# [Task requirements]
The answer must be every line from the entries below that includes "horizontally".

:: Data

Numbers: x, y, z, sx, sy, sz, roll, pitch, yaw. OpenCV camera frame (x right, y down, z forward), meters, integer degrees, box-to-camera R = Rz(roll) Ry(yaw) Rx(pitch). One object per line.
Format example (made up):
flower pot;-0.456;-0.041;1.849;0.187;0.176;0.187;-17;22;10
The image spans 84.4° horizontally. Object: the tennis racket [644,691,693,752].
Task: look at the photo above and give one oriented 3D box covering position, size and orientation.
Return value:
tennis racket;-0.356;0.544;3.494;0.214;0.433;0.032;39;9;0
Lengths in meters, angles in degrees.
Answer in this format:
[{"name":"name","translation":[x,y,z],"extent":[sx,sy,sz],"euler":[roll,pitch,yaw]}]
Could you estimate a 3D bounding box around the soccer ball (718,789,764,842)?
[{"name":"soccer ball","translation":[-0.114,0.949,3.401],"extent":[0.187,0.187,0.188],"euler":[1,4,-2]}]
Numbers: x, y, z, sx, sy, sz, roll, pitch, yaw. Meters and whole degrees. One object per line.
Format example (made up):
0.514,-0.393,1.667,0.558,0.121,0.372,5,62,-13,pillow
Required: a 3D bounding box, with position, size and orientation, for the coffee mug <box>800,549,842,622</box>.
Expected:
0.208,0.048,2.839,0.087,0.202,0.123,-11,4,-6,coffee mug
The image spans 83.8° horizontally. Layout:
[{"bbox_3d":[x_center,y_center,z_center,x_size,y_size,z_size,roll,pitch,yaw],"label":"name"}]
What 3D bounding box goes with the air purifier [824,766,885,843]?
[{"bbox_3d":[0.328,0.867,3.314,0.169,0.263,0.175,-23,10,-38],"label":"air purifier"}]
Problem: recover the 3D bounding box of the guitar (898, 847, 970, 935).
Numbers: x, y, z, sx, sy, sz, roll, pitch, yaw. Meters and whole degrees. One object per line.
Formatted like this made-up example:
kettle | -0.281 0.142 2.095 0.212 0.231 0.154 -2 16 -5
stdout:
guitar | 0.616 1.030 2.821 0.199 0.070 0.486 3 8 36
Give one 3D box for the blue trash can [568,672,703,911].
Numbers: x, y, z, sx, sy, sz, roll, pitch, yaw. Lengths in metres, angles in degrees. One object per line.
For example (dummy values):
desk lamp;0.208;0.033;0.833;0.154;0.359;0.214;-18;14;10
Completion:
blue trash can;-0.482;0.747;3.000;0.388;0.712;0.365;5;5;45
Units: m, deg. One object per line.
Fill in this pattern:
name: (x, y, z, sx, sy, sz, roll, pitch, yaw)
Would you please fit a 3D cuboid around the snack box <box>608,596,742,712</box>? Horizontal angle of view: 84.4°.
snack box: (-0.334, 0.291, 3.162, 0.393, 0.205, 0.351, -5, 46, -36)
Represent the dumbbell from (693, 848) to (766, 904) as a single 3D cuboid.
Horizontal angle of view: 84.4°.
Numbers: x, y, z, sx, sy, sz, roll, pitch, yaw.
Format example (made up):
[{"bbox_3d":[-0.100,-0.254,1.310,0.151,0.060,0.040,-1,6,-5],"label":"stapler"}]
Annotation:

::::

# [Exercise answer]
The image spans 84.4° horizontally. Object: the tennis racket [644,691,693,752].
The image spans 83.8° horizontally. Layout:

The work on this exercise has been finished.